When we started building Cursor a few years ago, most code was written one keystroke at a time. Tab autocomplete changed that and opened the first era of AI-assisted coding.
Then agents arrived, and developers shifted to directing agents through synchronous prompt-and-response loops. That was the second era. Now a third era is arriving. It is defined by agents that can tackle larger tasks independently, over longer timescales, with less human direction.
As a result, Cursor is no longer primarily about writing code. It is about helping developers build the factory that creates their software. This factory is made up of fleets of agents that they interact with as teammates: providing initial direction, equipping them with the tools to work independently, and reviewing their work.
Many of us at Cursor are already working this way. More than one-third of the PRs we merge are now created by agents that run on their own computers in the cloud. A year from now, we think the vast majority of development work will be done by these kinds of agents.
If the team is able to deliver on the promise of “you can just hire our AI cloud engineers as your R&D team,” this has obvious advantages that many Enterprise customers might prefer to invest in. The lessons and operational competences at developing this for coding can then transfer into the “Macrohard” project, where xAI was trying to leverage computer use for a variety of white collar workflows.

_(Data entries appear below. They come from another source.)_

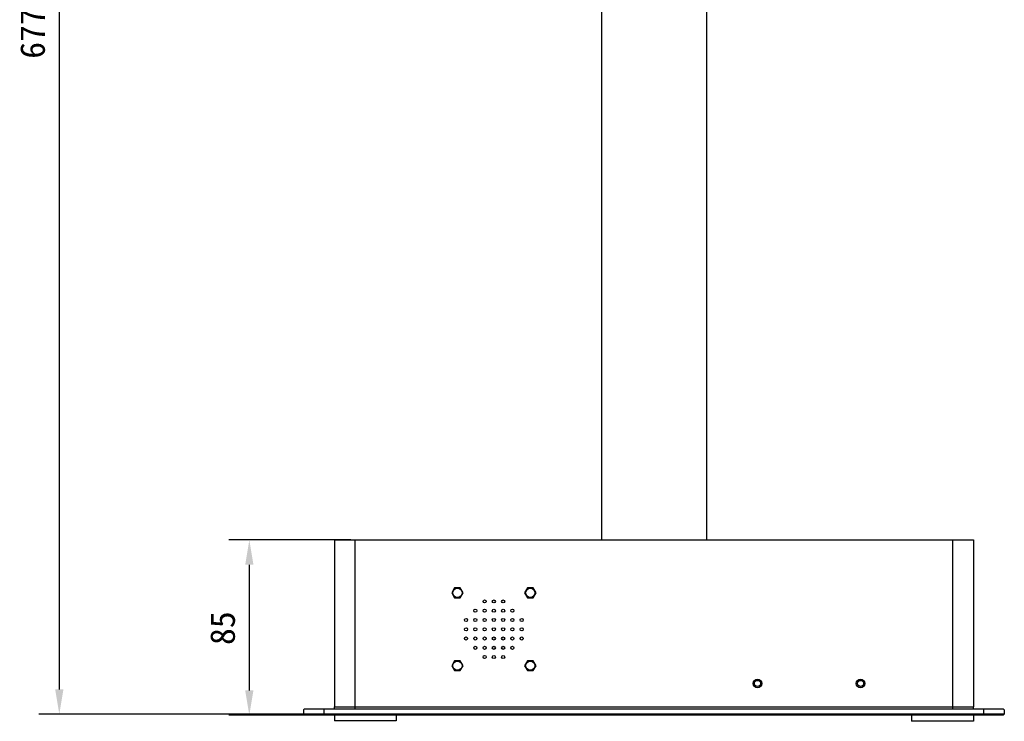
# Model space of a CAD drawing. Header units: millimetres. Extents: x 142 to 682, y 119 to 469.
# Tile 1 of 26: x 142 to 262, y 299 to 384. Entities that reach past the tile are written whole.
import ezdxf

# ---------------------------------------------------------------- set-up
doc = ezdxf.new("R2010")
doc.units = ezdxf.units.MM
doc.header["$LTSCALE"] = 46.255
doc.header["$PDMODE"] = 3
doc.header["$PDSIZE"] = 8
doc.layers.get('0').update_dxf_attribs({"linetype": 'CONTINUOUS'})
doc.layers.get('Defpoints').update_dxf_attribs({"linetype": 'CONTINUOUS'})
doc.layers.add('00_COMPONENTS', color=7, linetype='CONTINUOUS')
doc.layers.add('51__DRAFT_DIMS', color=7, linetype='CONTINUOUS')
doc.styles.get("Standard").update_dxf_attribs({"font": 'simfang.ttf'})
doc.dimstyles.new('DIMSTYLE_1', dxfattribs={"dimtxt": 3, "dimasz": 3, "dimexe": 2.5, "dimexo": 0.5, "dimgap": 0.75, "dimtad": 1, "dimlfac": 4, "dimdsep": 46, "dimtxsty": 'STANDARD', "dimblk": '_FILLED', "dimblk1": '_FILLED', "dimblk2": '_FILLED', "dimcen": 0.09, "dimclrt": 3, "dimazin": 2, "dimtp": 0.8, "dimtm": 0.8, "dimtfac": 1, "dimtofl": 0, "dimtmove": 0, "dimatfit": 3, "dimldrblk": '_FILLED', "dimfxl": 1, "dimtolj": 1, "dimarcsym": 0})
doc.dimstyles.new('DIMSTYLE_4', dxfattribs={"dimtxt": 3, "dimasz": 3, "dimexe": 2.5, "dimexo": 0.5, "dimgap": 0.75, "dimtad": 1, "dimlfac": 4, "dimdsep": 46, "dimtxsty": 'STANDARD', "dimblk": '_FILLED', "dimblk1": '_FILLED', "dimblk2": '_FILLED', "dimcen": 0.09, "dimclrt": 3, "dimazin": 2, "dimtp": 0.3, "dimtm": 0.3, "dimtfac": 1, "dimtofl": 0, "dimtmove": 0, "dimatfit": 3, "dimldrblk": '_FILLED', "dimfxl": 1, "dimtolj": 1, "dimarcsym": 0})

# ---------------------------------------------------------------- blocks, each defined once
blk = doc.blocks.new('_FILLED')
at = {"color": 0, "linetype": 'ByBlock'}
blk.add_solid([(0, 0), (-1, 0.167), (-1, -0.167)], dxfattribs=at)
blk = doc.blocks.new('*D1')
at = {"layer": '51__DRAFT_DIMS', "color": 0, "lineweight": -2}
for p, q in [((210.75, 469.03), (144.74, 469.03)), ((147.24, 466.03), (147.24, 302.65)), ((178.87, 299.65), (144.74, 299.65))]:
    blk.add_line(p, q, dxfattribs=at)
at = {"layer": 'Defpoints', "color": 0}
for p in [(211.25, 469.03), (147.24, 299.65), (179.37, 299.65)]:
    blk.add_point(p, dxfattribs=at)
at = {"layer": '51__DRAFT_DIMS', "color": 0, "linetype": 'ByBlock', "lineweight": -2, "xscale": 3, "yscale": 3, "zscale": 3}
for p, rotation in [((147.24, 469.03), 90), ((147.24, 299.65), 270)]:
    blk.add_blockref('_FILLED', p, dxfattribs=dict(at, rotation=rotation))
at = {"layer": '51__DRAFT_DIMS', "color": 3, "insert": (142.49, 384.27), "char_height": 3, "attachment_point": 2, "rotation": 90, "line_spacing_factor": 0.9}
blk.add_mtext('\\A1;677.5', dxfattribs=at)
blk = doc.blocks.new('*D6')
at = {"layer": '51__DRAFT_DIMS', "color": 0, "lineweight": -2}
for p, q in [((182.62, 320.78), (167.79, 320.78)), ((170.29, 317.78), (170.29, 302.53)), ((178.87, 299.53), (167.79, 299.53))]:
    blk.add_line(p, q, dxfattribs=at)
at = {"layer": 'Defpoints', "color": 0}
for p in [(183.12, 320.78), (170.29, 299.53), (179.37, 299.53)]:
    blk.add_point(p, dxfattribs=at)
at = {"layer": '51__DRAFT_DIMS', "color": 0, "linetype": 'ByBlock', "lineweight": -2, "xscale": 3, "yscale": 3, "zscale": 3}
for p, rotation in [((170.29, 320.78), 90), ((170.29, 299.53), 270)]:
    blk.add_blockref('_FILLED', p, dxfattribs=dict(at, rotation=rotation))
at = {"layer": '51__DRAFT_DIMS', "color": 3, "insert": (165.54, 310.08), "char_height": 3, "attachment_point": 2, "rotation": 90, "line_spacing_factor": 0.9}
blk.add_mtext('\\A1;85', dxfattribs=at)

msp = doc.modelspace()

# ---------------------------------------------------------------- linework, layer by layer
at = {"layer": '00_COMPONENTS'}
for p, q in [((212.9973, 418.0799), (212.9973, 320.7799)), ((225.7473, 418.0799), (225.7473, 320.7799)), ((180.6223, 320.7799), (258.1223, 320.7799)), ((180.6223, 320.7799), (180.6223, 320.5299)), ((180.6223, 320.5299), (180.6223, 300.5299)), ((183.1223, 300.2799), (183.1223, 320.7799)), ((255.6223, 300.2799), (255.6223, 320.7799)), ((258.1223, 320.7799), (258.1223, 320.5299)), ((258.1223, 320.5299), (258.1223, 300.5299)), ((195.1883, 314.9674), (194.8419, 314.3674)), ((194.8419, 314.3674), (195.1883, 313.7673)), ((195.8812, 314.9674), (195.1883, 314.9674)), ((196.2277, 314.3674), (195.8812, 314.9674)), ((195.8812, 313.7673), (196.2277, 314.3674)), ((204.0258, 314.9674), (203.6794, 314.3674)), ((203.6794, 314.3674), (204.0258, 313.7673)), ((204.7187, 314.9674), (204.0258, 314.9674)), ((205.0652, 314.3674), (204.7187, 314.9674)), ((204.7187, 313.7673), (205.0652, 314.3674)), ((195.1883, 313.7673), (195.8812, 313.7673)), ((204.0258, 313.7673), (204.7187, 313.7673)), ((195.1883, 306.1299), (194.8419, 305.5299)), ((195.8812, 306.1299), (195.1883, 306.1299)), ((196.2277, 305.5299), (195.8812, 306.1299)), ((204.0258, 306.1299), (203.6794, 305.5299)), ((204.7187, 306.1299), (204.0258, 306.1299)), ((205.0652, 305.5299), (204.7187, 306.1299)), ((194.8419, 305.5299), (195.1883, 304.9298)), ((195.1883, 304.9298), (195.8812, 304.9298)), ((195.8812, 304.9298), (196.2277, 305.5299)), ((203.6794, 305.5299), (204.0258, 304.9298)), ((204.0258, 304.9298), (204.7187, 304.9298)), ((204.7187, 304.9298), (205.0652, 305.5299)), ((176.9973, 300.2799), (176.8723, 300.1549)), ((176.8723, 300.1549), (176.8723, 299.6549)), ((176.9973, 300.2799), (261.7473, 300.2799)), ((179.3723, 299.5299), (179.3723, 300.2799)), ((180.6223, 300.5299), (258.1223, 300.5299)), ((180.6223, 300.2799), (180.6223, 300.5299)), ((258.1223, 300.2799), (258.1223, 300.5299)), ((259.3723, 299.5299), (259.3723, 300.2799)), ((261.7473, 300.2799), (261.8723, 300.1549)), ((261.8723, 300.1549), (261.8723, 299.6549)), ((176.9973, 299.5299), (176.8723, 299.6549)), ((261.8723, 299.6549), (176.8723, 299.6549)), ((261.7473, 299.5299), (176.9973, 299.5299)), ((180.6223, 299.5299), (180.6223, 298.8299)), ((188.1223, 298.8299), (180.6223, 298.8299)), ((188.1223, 299.5299), (188.1223, 298.8299)), ((250.6223, 299.5299), (250.6223, 298.7799)), ((258.1223, 298.7799), (250.6223, 298.7799)), ((258.1223, 299.5299), (258.1223, 298.7799)), ((261.7473, 299.5299), (261.8723, 299.6549))]:
    msp.add_line(p, q, dxfattribs=at)
for centre, radius in [((195.5348, 314.3674), 0.5625), ((204.3723, 314.3674), 0.5625), ((198.8285, 313.3236), 0.1875), ((199.9535, 313.3236), 0.1875), ((201.0785, 313.3236), 0.1875), ((197.7035, 312.1986), 0.1875), ((198.8285, 312.1986), 0.1875), ((199.9535, 312.1986), 0.1875), ((201.0785, 312.1986), 0.1875), ((202.2035, 312.1986), 0.1875), ((196.5785, 311.0736), 0.1875), ((197.7035, 311.0736), 0.1875), ((198.8285, 311.0736), 0.1875), ((199.9535, 311.0736), 0.1875), ((201.0785, 311.0736), 0.1875), ((202.2035, 311.0736), 0.1875), ((203.3285, 311.0736), 0.1875), ((196.5785, 309.9486), 0.1875), ((197.7035, 309.9486), 0.1875), ((198.8285, 309.9486), 0.1875), ((199.9535, 309.9486), 0.1875), ((201.0785, 309.9486), 0.1875), ((202.2035, 309.9486), 0.1875), ((203.3285, 309.9486), 0.1875), ((196.5785, 308.8236), 0.1875), ((197.7035, 308.8236), 0.1875), ((198.8285, 308.8236), 0.1875), ((199.9535, 308.8236), 0.1875), ((201.0785, 308.8236), 0.1875), ((202.2035, 308.8236), 0.1875), ((203.3285, 308.8236), 0.1875), ((197.7035, 307.6986), 0.1875), ((198.8285, 307.6986), 0.1875), ((199.9535, 307.6986), 0.1875), ((201.0785, 307.6986), 0.1875), ((202.2035, 307.6986), 0.1875), ((195.5348, 305.5299), 0.5625), ((198.8285, 306.5736), 0.1875), ((199.9535, 306.5736), 0.1875), ((201.0785, 306.5736), 0.1875), ((204.3723, 305.5299), 0.5625), ((231.9348, 303.3699), 0.525), ((231.9348, 303.3699), 0.375), ((244.4348, 303.3699), 0.525), ((244.4348, 303.3699), 0.375)]:
    msp.add_circle(centre, radius, dxfattribs=at)

# ---------------------------------------------------------------- dimensions: what is measured, and where the dimension line sits
at = {"layer": '51__DRAFT_DIMS'}
for base, p1, p2, dimstyle, picture, middle in [((147.2384, 299.6549), (211.2473, 469.0299), (179.3723, 299.6549), 'DIMSTYLE_1', '*D1', (147.2384, 384.2721)), ((170.2898, 299.5299), (183.1223, 320.7799), (179.3723, 299.5299), 'DIMSTYLE_4', '*D6', (170.2898, 310.0816))]:
    dim = msp.add_linear_dim(base=base, p1=p1, p2=p2, angle=270, dimstyle=dimstyle, dxfattribs=at)
    dim.commit()
    dim.dimension.update_dxf_attribs({"geometry": picture, "text_midpoint": middle, "dimtype": 160})

doc.saveas('drawing.dxf')

I think that the vision is directionally correct and mostly impossible to achieve alone, at a time when OpenAI and Anthropic are pouring significant amounts of resources into a similar direction. The obvious choice for Cursor was to partner with either xAI or OpenAI, and given the price tag to acquire Cursor, it’s clear that Elon Musk went ahead and got the deal done.
Cursor has also been investing in their go-to-market strategy, both by building out an Enterprise-focused sales team and by running a significant number of DevRel events under the "Cafe Cursor" umbrella.
How the commercial teams will merge with xAI's existing hires is yet to be seen, although due to the recent wave of hires from playbook companies, it's likely that the integration will be rather quick. I think that they will benefit from keeping the Cursor branding and the developer-focused marketing, which so far has resonated a lot more than the existing Grok/xAI positioning.